3. Right-size every call. Build a routing layer: a cheap model for classification and extraction, the flagship only for the reasoning that genuinely needs it. The goal isn't the smartest possible answer on every call — it's the cheapest call that clears the quality bar.

4. Make quality a cost strategy. Every retry is a double charge: you paid for the bad answer and you'll pay for the redo. Better evals, tighter grounding, and stricter output formats don't just delight users — they cut your token bill. Reliability is a margin lever, not just a trust one.

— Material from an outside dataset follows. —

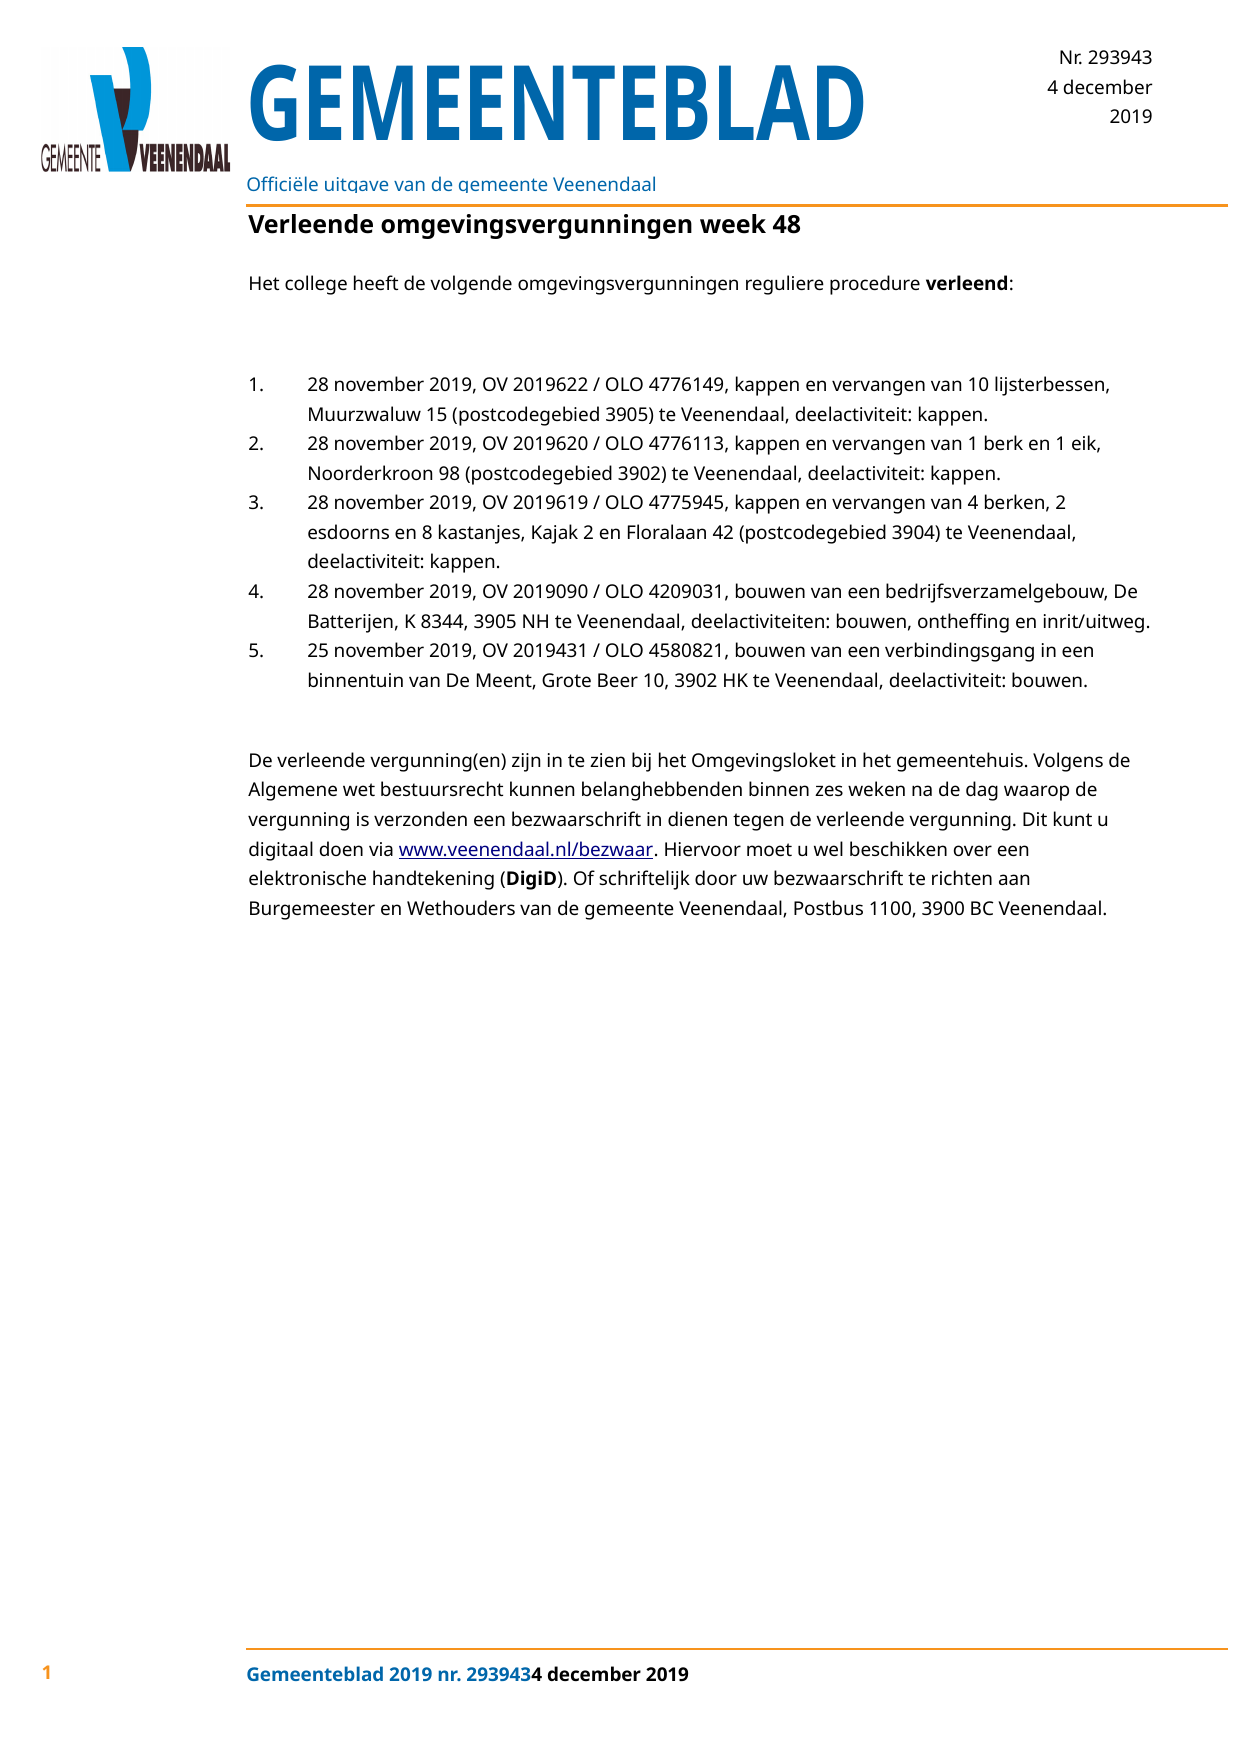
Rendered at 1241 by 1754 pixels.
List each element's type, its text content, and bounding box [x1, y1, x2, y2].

5. Price to the outcome where you can. The cleanest fix is charging for the result — a resolved ticket, a booked meeting, a finished document — instead of access. The catch: AI completes complex tasks only 50–60% of the time, so 40–50% of your compute earns nothing under a pure outcome model. That's why hybrids win — a platform fee that covers baseline cost, plus usage or outcome pricing stacked on top.

The takeaway

AI gross margins are not a back-office detail you reconcile at quarter-end. They're designed — into your model routing, your context windows, your retry rates, and your pricing page — by the same people who design the product. The teams that win the next few years won't be the ones with the flashiest demo. They'll be the ones who can ship something users love and still keep most of the dollar it earns.

So ask it on your next feature spec, before the thing ships and not after: what does this cost to run at scale, and who decided?